Кэтрин вздрогнула, вспоминая искаженное ненавистью благородное лицо Гамильтона, который поклялся отомстить выскочке, не только победившему его в поединке, но и женившемуся на самой завидной невесте Дербишира. Отец Кэтрин, сэр Альфред Эшбрук, был не только влиятельным представителем партии вигов и членом парламента, но и обладателем ценных связей, благодаря которым честолюбивый человек мог бы сделать головокружительную карьеру, а Гамильтон Гарнер был прежде всего честолюбив.

– Мы, отпрыски Эшбрука, оказались редкостными негодяями, – язвительным тоном продолжал Демиен. – Ты, дочь одного из самых рьяных сторонников Ганноверской династии, вышла замуж за брата самого влиятельного якобита в Шотландии, а я, любимец отца, образованный адвокат и наследник одного из самых древних и обширных поместий Англии... – он издал уничижительный смешок, сведя на нет тяжкие обвинения, – готов предстать пред алтарем при более чем сомнительных обстоятельствах, чтобы невеста подарила мне законного наследника!

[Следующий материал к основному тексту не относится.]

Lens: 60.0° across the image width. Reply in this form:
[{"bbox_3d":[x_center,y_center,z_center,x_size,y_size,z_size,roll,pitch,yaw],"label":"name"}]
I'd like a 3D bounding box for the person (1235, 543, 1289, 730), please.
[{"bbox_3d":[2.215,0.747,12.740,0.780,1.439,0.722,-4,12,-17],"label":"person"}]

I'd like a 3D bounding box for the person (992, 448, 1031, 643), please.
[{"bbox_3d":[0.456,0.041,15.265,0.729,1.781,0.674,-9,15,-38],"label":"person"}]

Кэтрин изумленно раскрыла глаза:

– Гарриет! Значит, Гарриет...

– Вот именно, и должен добавить, это положение ей к лицу. Помнишь, как разозлился отец, узнав о твоем скоропалительном браке? Но видела бы ты, как тряслись его подбородки, когда стало известно, что его сын покрыл себя позором! Он требует, чтобы мы поженились немедленно, но Гарриет об этом и слышать не желает – до тех пор, пока не убедится, что ты невредима. Надеюсь, теперь-то она согласится отпереть дверь и покинуть свои покои.

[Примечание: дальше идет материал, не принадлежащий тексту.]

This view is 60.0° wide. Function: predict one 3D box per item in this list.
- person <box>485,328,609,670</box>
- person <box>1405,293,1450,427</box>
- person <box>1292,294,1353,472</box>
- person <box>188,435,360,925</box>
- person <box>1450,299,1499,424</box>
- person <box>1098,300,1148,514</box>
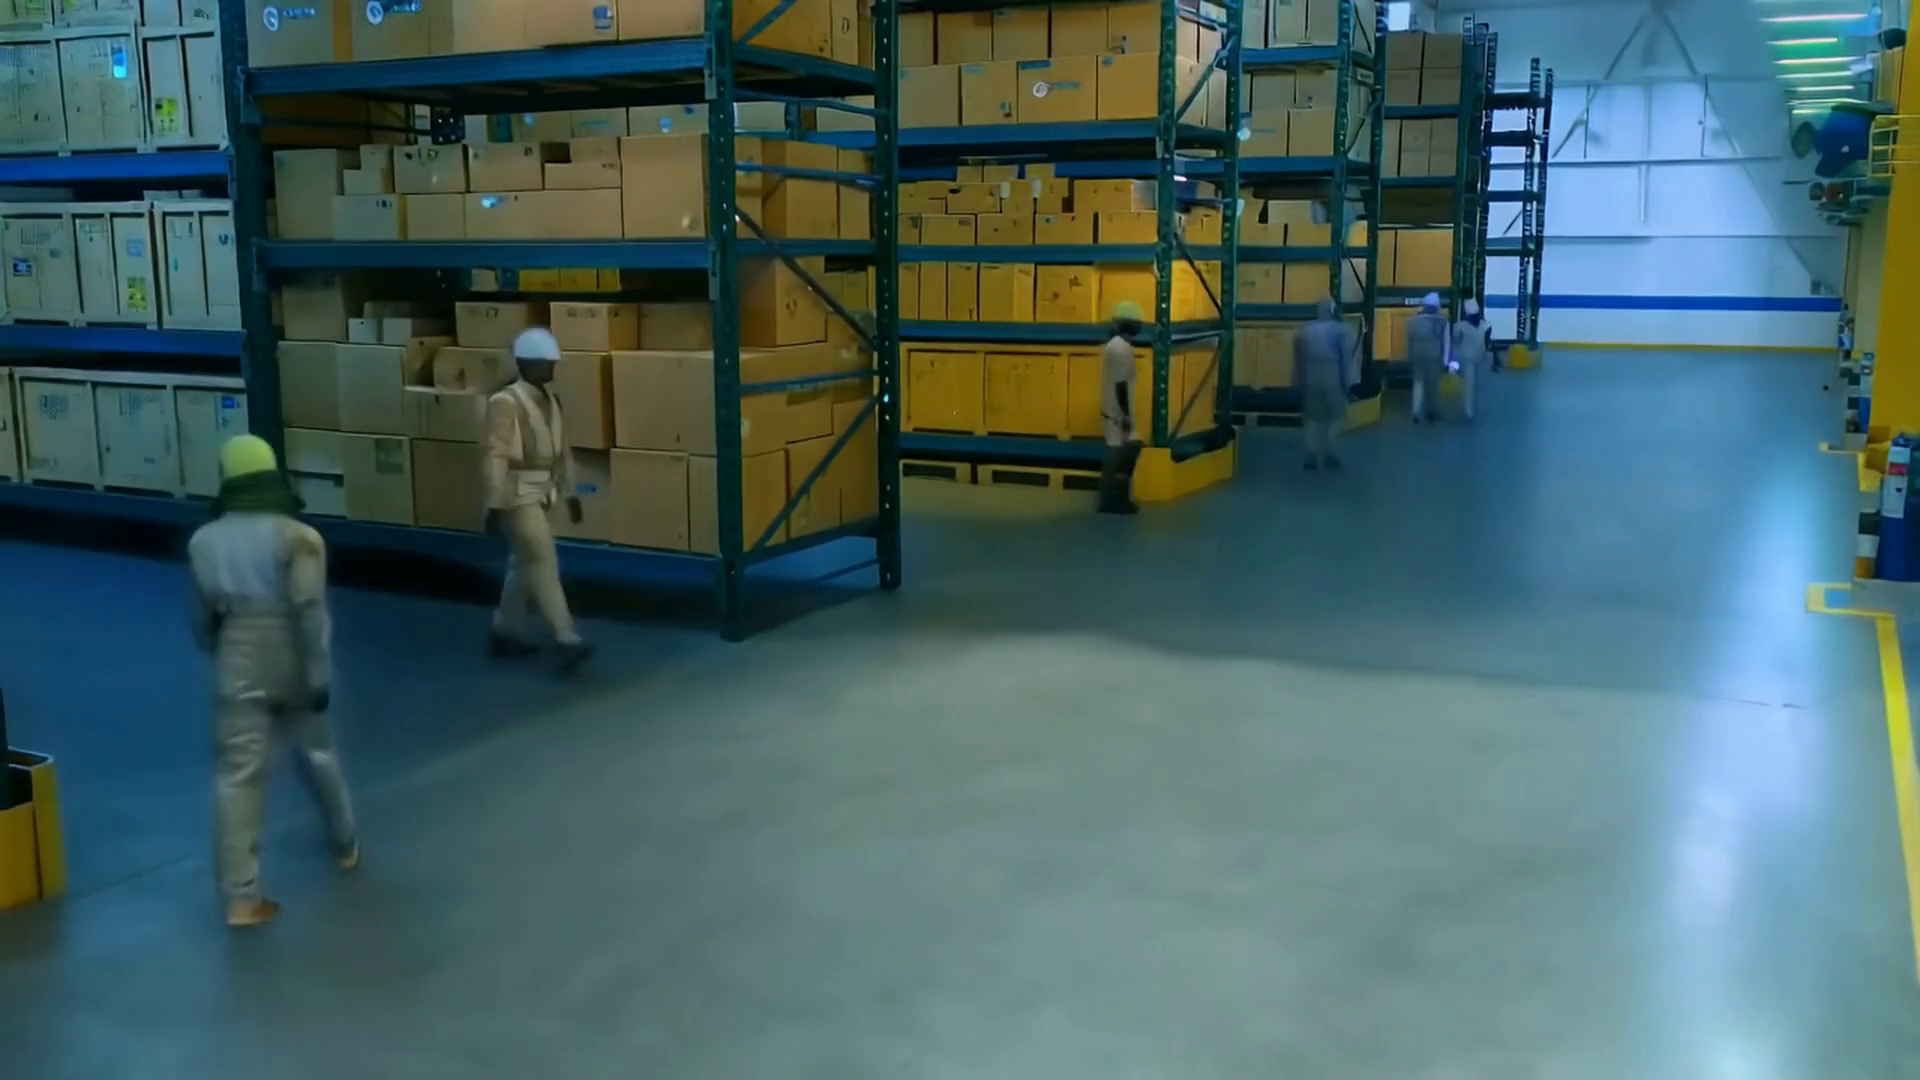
[{"bbox_3d":[-2.311,-0.228,9.371,0.926,1.904,0.637,3,10,17],"label":"person"},{"bbox_3d":[6.277,-2.415,22.397,0.603,1.804,0.867,6,11,30],"label":"person"},{"bbox_3d":[3.881,-1.670,17.777,0.675,1.886,0.524,5,11,29],"label":"person"},{"bbox_3d":[-2.481,0.473,5.954,0.482,1.689,0.871,-1,10,-8],"label":"person"},{"bbox_3d":[7.014,-2.419,22.647,0.583,1.690,0.868,0,10,-2],"label":"person"},{"bbox_3d":[1.476,-1.168,14.819,0.541,1.905,0.597,2,10,10],"label":"person"}]

– А ребенок? – в ужасе вскрикнула Кэтрин.

– Ребенок... – тихо прошептала она, вспоминая об этом разговоре под монотонный шум дождя, и задумчиво улыбнулась. Ей следовало бы ужаснуться, узнав о беременности подруги. Для незамужней девушки это обстоятельство чаще всего становилось причиной изгнания из дома, от нее шарахались как от прокаженной, она покрывала себя несмываемым позором. Но Кэтрин не испытала потрясения, какое наверняка ощутила бы два месяца назад: она уже знала, что способна сделать неистовая и блаженная страсть со сдержанной, благоразумной и благовоспитанной молодой особой. Кэтрин ощущала лишь легкую грусть и неожиданную зависть к Гарриет, доказательства любви которой вскоре станут известны всем. Это не сон, не ошибка, не минутное безумие, от которого не останется и следа.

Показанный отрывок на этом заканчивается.